社会の化学物質(6)  「香害」はアレルギー反応の一つ

柔軟剤や洗剤、化粧品等の香り成分が由来となって、周囲の人々に健康影響を与えてしまう「香害」(こうがい)。香害は化学物質過敏症の一つで、誰もが被害者になる可能性があります。人によって化学物質の許容量が異なり、まるでコップから水があふれ出るように、体内で許容できる化学物質があふれた時に、健康被害という形で現れます。コップの容量が小さい子どもほどリスクが高くなるので、特に小さなお子様がいるご家庭では注意が必要です。

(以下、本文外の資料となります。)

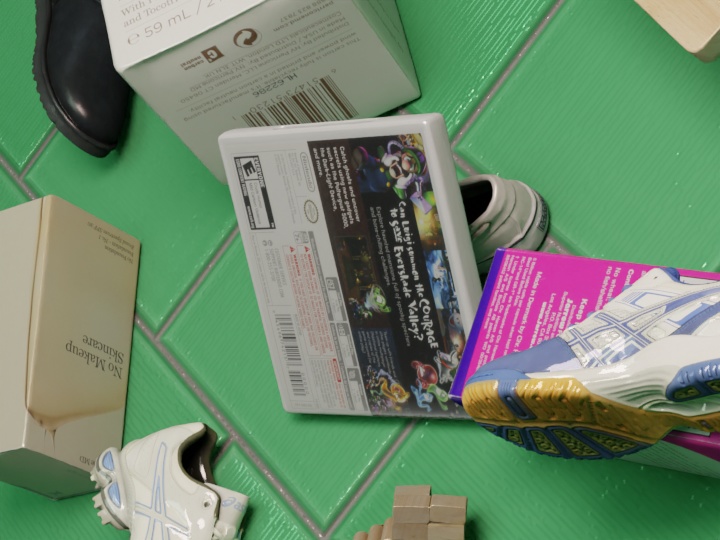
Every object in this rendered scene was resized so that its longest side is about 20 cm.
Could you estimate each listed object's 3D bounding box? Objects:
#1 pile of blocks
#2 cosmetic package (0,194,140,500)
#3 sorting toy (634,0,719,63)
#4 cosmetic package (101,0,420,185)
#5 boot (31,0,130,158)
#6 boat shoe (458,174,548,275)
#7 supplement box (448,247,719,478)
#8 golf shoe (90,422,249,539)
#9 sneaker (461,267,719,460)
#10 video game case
[{"bbox_3d":[-0.004,0.208,1.384,0.200,0.082,0.062,-36,7,11],"label":"pile of blocks"},{"bbox_3d":[-0.229,0.058,1.609,0.073,0.104,0.200,-16,61,34],"label":"cosmetic package"},{"bbox_3d":[0.224,-0.241,1.280,0.199,0.070,0.200,-48,49,12],"label":"sorting toy"},{"bbox_3d":[-0.081,-0.205,1.541,0.167,0.166,0.200,-25,54,13],"label":"cosmetic package"},{"bbox_3d":[-0.179,-0.208,1.711,0.168,0.076,0.200,-37,44,27],"label":"boot"},{"bbox_3d":[0.027,-0.012,1.446,0.200,0.066,0.072,-19,58,33],"label":"boat shoe"},{"bbox_3d":[0.168,0.057,1.266,0.200,0.101,0.103,9,76,42],"label":"supplement box"},{"bbox_3d":[-0.115,0.188,1.472,0.097,0.078,0.200,-30,57,11],"label":"golf shoe"},{"bbox_3d":[0.151,0.046,1.177,0.200,0.075,0.088,-9,52,30],"label":"sneaker"},{"bbox_3d":[0.000,0.000,1.414,0.182,0.023,0.200,-1,108,41],"label":"video game case"}]

花粉症を例にするとわかりやすいですよね。私が子どもの頃は、花粉症はそれほど多くの人に現れるアレルギー反応ではありませんでした。ところが今は、春先になると、実に多くの人がくしゃみをしたり、目をこするシーンを目にします。スギ花粉由来の花粉症が多いですが、最近ではヒノキ、ブタクサ、イネなども……。花粉だけの問題ではなく、道路のアスファルトやクルマの排気ガス、そして香害も含めたさまざまな化学物質が複合的に絡み合って、国民病と言われるほどに広がりました。

香害は、新しい公害とも言える社会課題です。誰もが被害者にも、加害者にもなりうるものなのです。